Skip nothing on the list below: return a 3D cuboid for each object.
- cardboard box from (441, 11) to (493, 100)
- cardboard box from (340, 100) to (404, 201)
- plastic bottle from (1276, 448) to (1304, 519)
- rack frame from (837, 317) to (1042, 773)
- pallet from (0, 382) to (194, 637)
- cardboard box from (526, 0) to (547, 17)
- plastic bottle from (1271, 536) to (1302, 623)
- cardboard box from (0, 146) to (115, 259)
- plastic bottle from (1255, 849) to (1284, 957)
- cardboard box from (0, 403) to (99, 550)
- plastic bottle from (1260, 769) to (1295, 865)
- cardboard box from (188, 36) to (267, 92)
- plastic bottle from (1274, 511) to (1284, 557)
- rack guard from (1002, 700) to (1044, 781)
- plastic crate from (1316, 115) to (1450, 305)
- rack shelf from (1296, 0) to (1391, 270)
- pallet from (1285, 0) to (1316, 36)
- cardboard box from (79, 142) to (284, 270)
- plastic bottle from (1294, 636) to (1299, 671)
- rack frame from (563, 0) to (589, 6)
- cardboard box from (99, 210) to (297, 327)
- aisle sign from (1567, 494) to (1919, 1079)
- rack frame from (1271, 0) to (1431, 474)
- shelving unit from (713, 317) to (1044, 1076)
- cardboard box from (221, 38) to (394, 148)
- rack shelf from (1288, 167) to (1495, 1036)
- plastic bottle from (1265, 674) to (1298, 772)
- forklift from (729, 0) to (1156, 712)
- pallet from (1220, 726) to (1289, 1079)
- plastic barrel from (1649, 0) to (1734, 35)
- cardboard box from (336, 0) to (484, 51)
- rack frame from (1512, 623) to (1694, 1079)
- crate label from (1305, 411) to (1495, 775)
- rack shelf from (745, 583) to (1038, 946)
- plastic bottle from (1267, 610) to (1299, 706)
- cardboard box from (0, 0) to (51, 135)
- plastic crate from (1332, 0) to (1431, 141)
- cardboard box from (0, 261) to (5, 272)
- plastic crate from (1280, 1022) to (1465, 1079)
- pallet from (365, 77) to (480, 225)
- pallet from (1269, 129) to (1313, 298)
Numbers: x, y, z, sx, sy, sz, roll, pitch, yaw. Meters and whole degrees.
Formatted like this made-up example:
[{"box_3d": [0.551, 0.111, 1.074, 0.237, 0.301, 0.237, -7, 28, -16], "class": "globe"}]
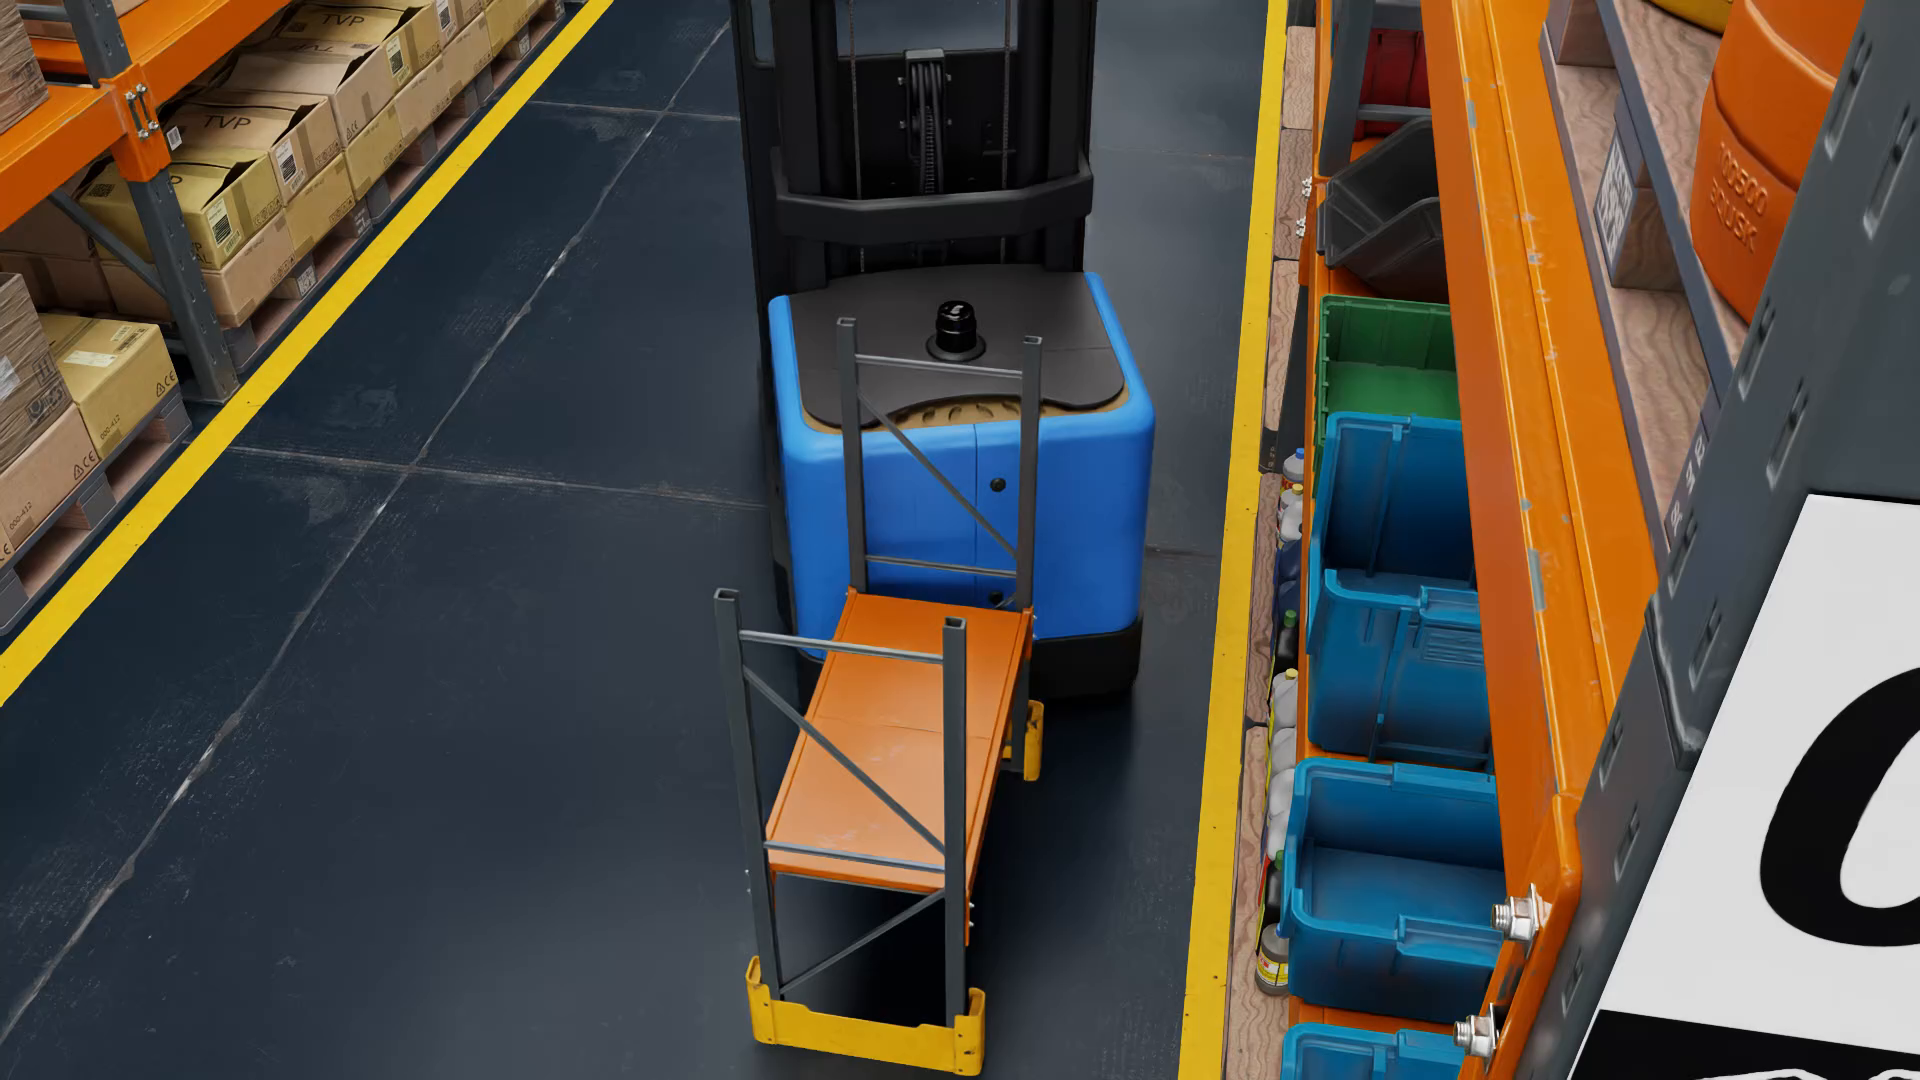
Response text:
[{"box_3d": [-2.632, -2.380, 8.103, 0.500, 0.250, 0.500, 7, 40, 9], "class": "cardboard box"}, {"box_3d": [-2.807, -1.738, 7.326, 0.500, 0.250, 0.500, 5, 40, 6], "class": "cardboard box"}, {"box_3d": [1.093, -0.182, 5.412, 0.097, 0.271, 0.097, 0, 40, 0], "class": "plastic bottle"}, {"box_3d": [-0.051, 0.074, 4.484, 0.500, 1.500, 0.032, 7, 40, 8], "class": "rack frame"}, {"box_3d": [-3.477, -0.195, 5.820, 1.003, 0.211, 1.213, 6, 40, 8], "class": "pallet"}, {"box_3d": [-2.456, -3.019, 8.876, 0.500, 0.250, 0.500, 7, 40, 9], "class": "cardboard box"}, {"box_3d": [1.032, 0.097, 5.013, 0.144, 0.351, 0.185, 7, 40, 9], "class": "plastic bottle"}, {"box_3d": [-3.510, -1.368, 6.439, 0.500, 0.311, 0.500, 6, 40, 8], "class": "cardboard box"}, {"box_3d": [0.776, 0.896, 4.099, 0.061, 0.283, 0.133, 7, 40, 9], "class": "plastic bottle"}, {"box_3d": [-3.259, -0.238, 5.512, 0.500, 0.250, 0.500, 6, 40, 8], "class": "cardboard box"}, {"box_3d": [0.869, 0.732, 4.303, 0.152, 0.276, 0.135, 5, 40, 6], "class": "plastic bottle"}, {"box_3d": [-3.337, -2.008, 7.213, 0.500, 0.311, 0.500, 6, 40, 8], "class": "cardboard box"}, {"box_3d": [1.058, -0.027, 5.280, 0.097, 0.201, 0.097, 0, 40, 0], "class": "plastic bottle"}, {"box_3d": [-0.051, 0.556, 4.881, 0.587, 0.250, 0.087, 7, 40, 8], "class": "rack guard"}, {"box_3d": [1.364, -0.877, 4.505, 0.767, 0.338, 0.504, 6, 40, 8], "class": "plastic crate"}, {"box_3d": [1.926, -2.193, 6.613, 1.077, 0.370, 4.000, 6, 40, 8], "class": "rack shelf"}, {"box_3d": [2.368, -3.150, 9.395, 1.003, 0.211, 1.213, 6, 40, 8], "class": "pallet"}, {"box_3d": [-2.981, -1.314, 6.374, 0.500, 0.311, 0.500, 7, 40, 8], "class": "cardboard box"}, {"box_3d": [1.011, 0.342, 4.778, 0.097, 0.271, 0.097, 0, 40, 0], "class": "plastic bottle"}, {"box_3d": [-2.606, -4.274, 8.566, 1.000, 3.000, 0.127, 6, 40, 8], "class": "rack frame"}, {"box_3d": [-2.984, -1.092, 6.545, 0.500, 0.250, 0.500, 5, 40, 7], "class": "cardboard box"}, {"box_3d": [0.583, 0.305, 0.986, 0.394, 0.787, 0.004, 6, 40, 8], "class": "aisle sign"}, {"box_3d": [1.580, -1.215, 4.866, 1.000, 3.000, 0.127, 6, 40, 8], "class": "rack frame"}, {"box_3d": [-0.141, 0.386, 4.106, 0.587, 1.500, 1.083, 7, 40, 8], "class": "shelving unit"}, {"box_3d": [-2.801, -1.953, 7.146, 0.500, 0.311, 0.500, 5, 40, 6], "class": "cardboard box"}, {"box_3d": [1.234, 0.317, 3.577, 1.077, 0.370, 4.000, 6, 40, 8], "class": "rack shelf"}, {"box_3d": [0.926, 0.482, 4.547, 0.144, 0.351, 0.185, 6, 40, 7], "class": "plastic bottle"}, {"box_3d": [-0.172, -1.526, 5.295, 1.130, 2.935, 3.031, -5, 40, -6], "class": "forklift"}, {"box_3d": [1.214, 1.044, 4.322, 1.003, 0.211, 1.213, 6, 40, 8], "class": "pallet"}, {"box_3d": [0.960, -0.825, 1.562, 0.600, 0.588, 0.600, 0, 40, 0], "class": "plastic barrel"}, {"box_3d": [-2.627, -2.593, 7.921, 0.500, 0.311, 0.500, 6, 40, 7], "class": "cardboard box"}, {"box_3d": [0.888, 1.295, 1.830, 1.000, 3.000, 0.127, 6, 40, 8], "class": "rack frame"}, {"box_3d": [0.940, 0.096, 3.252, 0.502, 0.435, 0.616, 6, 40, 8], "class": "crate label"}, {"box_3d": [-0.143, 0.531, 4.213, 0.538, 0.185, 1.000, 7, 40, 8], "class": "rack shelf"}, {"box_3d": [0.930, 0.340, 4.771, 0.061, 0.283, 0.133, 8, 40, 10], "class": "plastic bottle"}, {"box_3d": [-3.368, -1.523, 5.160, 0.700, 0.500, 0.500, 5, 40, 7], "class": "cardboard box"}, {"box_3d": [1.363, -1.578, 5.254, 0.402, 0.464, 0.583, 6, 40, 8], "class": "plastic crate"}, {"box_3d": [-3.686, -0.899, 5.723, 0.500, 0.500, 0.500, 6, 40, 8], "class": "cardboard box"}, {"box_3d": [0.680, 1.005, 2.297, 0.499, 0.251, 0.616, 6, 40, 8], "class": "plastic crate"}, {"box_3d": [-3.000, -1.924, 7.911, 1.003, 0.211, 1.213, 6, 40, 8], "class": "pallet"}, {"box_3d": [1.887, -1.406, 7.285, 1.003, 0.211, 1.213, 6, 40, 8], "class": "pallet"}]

• [Required action] The entries above need an exact copy without their pictures.

• [Written response]
Skip nothing on the list below: return a 3D cuboid for each object.
- cardboard box from (441, 11) to (493, 100)
- cardboard box from (340, 100) to (404, 201)
- plastic bottle from (1276, 448) to (1304, 519)
- rack frame from (837, 317) to (1042, 773)
- pallet from (0, 382) to (194, 637)
- cardboard box from (526, 0) to (547, 17)
- plastic bottle from (1271, 536) to (1302, 623)
- cardboard box from (0, 146) to (115, 259)
- plastic bottle from (1255, 849) to (1284, 957)
- cardboard box from (0, 403) to (99, 550)
- plastic bottle from (1260, 769) to (1295, 865)
- cardboard box from (188, 36) to (267, 92)
- plastic bottle from (1274, 511) to (1284, 557)
- rack guard from (1002, 700) to (1044, 781)
- plastic crate from (1316, 115) to (1450, 305)
- rack shelf from (1296, 0) to (1391, 270)
- pallet from (1285, 0) to (1316, 36)
- cardboard box from (79, 142) to (284, 270)
- plastic bottle from (1294, 636) to (1299, 671)
- rack frame from (563, 0) to (589, 6)
- cardboard box from (99, 210) to (297, 327)
- aisle sign from (1567, 494) to (1919, 1079)
- rack frame from (1271, 0) to (1431, 474)
- shelving unit from (713, 317) to (1044, 1076)
- cardboard box from (221, 38) to (394, 148)
- rack shelf from (1288, 167) to (1495, 1036)
- plastic bottle from (1265, 674) to (1298, 772)
- forklift from (729, 0) to (1156, 712)
- pallet from (1220, 726) to (1289, 1079)
- plastic barrel from (1649, 0) to (1734, 35)
- cardboard box from (336, 0) to (484, 51)
- rack frame from (1512, 623) to (1694, 1079)
- crate label from (1305, 411) to (1495, 775)
- rack shelf from (745, 583) to (1038, 946)
- plastic bottle from (1267, 610) to (1299, 706)
- cardboard box from (0, 0) to (51, 135)
- plastic crate from (1332, 0) to (1431, 141)
- cardboard box from (0, 261) to (5, 272)
- plastic crate from (1280, 1022) to (1465, 1079)
- pallet from (365, 77) to (480, 225)
- pallet from (1269, 129) to (1313, 298)
Numbers: x, y, z, sx, sy, sz, roll, pitch, yaw. Meters and whole degrees.
Formatted like this made-up example:
[{"box_3d": [0.551, 0.111, 1.074, 0.237, 0.301, 0.237, -7, 28, -16], "class": "globe"}]
Response text:
[{"box_3d": [-2.632, -2.380, 8.103, 0.500, 0.250, 0.500, 7, 40, 9], "class": "cardboard box"}, {"box_3d": [-2.807, -1.738, 7.326, 0.500, 0.250, 0.500, 5, 40, 6], "class": "cardboard box"}, {"box_3d": [1.093, -0.182, 5.412, 0.097, 0.271, 0.097, 0, 40, 0], "class": "plastic bottle"}, {"box_3d": [-0.051, 0.074, 4.484, 0.500, 1.500, 0.032, 7, 40, 8], "class": "rack frame"}, {"box_3d": [-3.477, -0.195, 5.820, 1.003, 0.211, 1.213, 6, 40, 8], "class": "pallet"}, {"box_3d": [-2.456, -3.019, 8.876, 0.500, 0.250, 0.500, 7, 40, 9], "class": "cardboard box"}, {"box_3d": [1.032, 0.097, 5.013, 0.144, 0.351, 0.185, 7, 40, 9], "class": "plastic bottle"}, {"box_3d": [-3.510, -1.368, 6.439, 0.500, 0.311, 0.500, 6, 40, 8], "class": "cardboard box"}, {"box_3d": [0.776, 0.896, 4.099, 0.061, 0.283, 0.133, 7, 40, 9], "class": "plastic bottle"}, {"box_3d": [-3.259, -0.238, 5.512, 0.500, 0.250, 0.500, 6, 40, 8], "class": "cardboard box"}, {"box_3d": [0.869, 0.732, 4.303, 0.152, 0.276, 0.135, 5, 40, 6], "class": "plastic bottle"}, {"box_3d": [-3.337, -2.008, 7.213, 0.500, 0.311, 0.500, 6, 40, 8], "class": "cardboard box"}, {"box_3d": [1.058, -0.027, 5.280, 0.097, 0.201, 0.097, 0, 40, 0], "class": "plastic bottle"}, {"box_3d": [-0.051, 0.556, 4.881, 0.587, 0.250, 0.087, 7, 40, 8], "class": "rack guard"}, {"box_3d": [1.364, -0.877, 4.505, 0.767, 0.338, 0.504, 6, 40, 8], "class": "plastic crate"}, {"box_3d": [1.926, -2.193, 6.613, 1.077, 0.370, 4.000, 6, 40, 8], "class": "rack shelf"}, {"box_3d": [2.368, -3.150, 9.395, 1.003, 0.211, 1.213, 6, 40, 8], "class": "pallet"}, {"box_3d": [-2.981, -1.314, 6.374, 0.500, 0.311, 0.500, 7, 40, 8], "class": "cardboard box"}, {"box_3d": [1.011, 0.342, 4.778, 0.097, 0.271, 0.097, 0, 40, 0], "class": "plastic bottle"}, {"box_3d": [-2.606, -4.274, 8.566, 1.000, 3.000, 0.127, 6, 40, 8], "class": "rack frame"}, {"box_3d": [-2.984, -1.092, 6.545, 0.500, 0.250, 0.500, 5, 40, 7], "class": "cardboard box"}, {"box_3d": [0.583, 0.305, 0.986, 0.394, 0.787, 0.004, 6, 40, 8], "class": "aisle sign"}, {"box_3d": [1.580, -1.215, 4.866, 1.000, 3.000, 0.127, 6, 40, 8], "class": "rack frame"}, {"box_3d": [-0.141, 0.386, 4.106, 0.587, 1.500, 1.083, 7, 40, 8], "class": "shelving unit"}, {"box_3d": [-2.801, -1.953, 7.146, 0.500, 0.311, 0.500, 5, 40, 6], "class": "cardboard box"}, {"box_3d": [1.234, 0.317, 3.577, 1.077, 0.370, 4.000, 6, 40, 8], "class": "rack shelf"}, {"box_3d": [0.926, 0.482, 4.547, 0.144, 0.351, 0.185, 6, 40, 7], "class": "plastic bottle"}, {"box_3d": [-0.172, -1.526, 5.295, 1.130, 2.935, 3.031, -5, 40, -6], "class": "forklift"}, {"box_3d": [1.214, 1.044, 4.322, 1.003, 0.211, 1.213, 6, 40, 8], "class": "pallet"}, {"box_3d": [0.960, -0.825, 1.562, 0.600, 0.588, 0.600, 0, 40, 0], "class": "plastic barrel"}, {"box_3d": [-2.627, -2.593, 7.921, 0.500, 0.311, 0.500, 6, 40, 7], "class": "cardboard box"}, {"box_3d": [0.888, 1.295, 1.830, 1.000, 3.000, 0.127, 6, 40, 8], "class": "rack frame"}, {"box_3d": [0.940, 0.096, 3.252, 0.502, 0.435, 0.616, 6, 40, 8], "class": "crate label"}, {"box_3d": [-0.143, 0.531, 4.213, 0.538, 0.185, 1.000, 7, 40, 8], "class": "rack shelf"}, {"box_3d": [0.930, 0.340, 4.771, 0.061, 0.283, 0.133, 8, 40, 10], "class": "plastic bottle"}, {"box_3d": [-3.368, -1.523, 5.160, 0.700, 0.500, 0.500, 5, 40, 7], "class": "cardboard box"}, {"box_3d": [1.363, -1.578, 5.254, 0.402, 0.464, 0.583, 6, 40, 8], "class": "plastic crate"}, {"box_3d": [-3.686, -0.899, 5.723, 0.500, 0.500, 0.500, 6, 40, 8], "class": "cardboard box"}, {"box_3d": [0.680, 1.005, 2.297, 0.499, 0.251, 0.616, 6, 40, 8], "class": "plastic crate"}, {"box_3d": [-3.000, -1.924, 7.911, 1.003, 0.211, 1.213, 6, 40, 8], "class": "pallet"}, {"box_3d": [1.887, -1.406, 7.285, 1.003, 0.211, 1.213, 6, 40, 8], "class": "pallet"}]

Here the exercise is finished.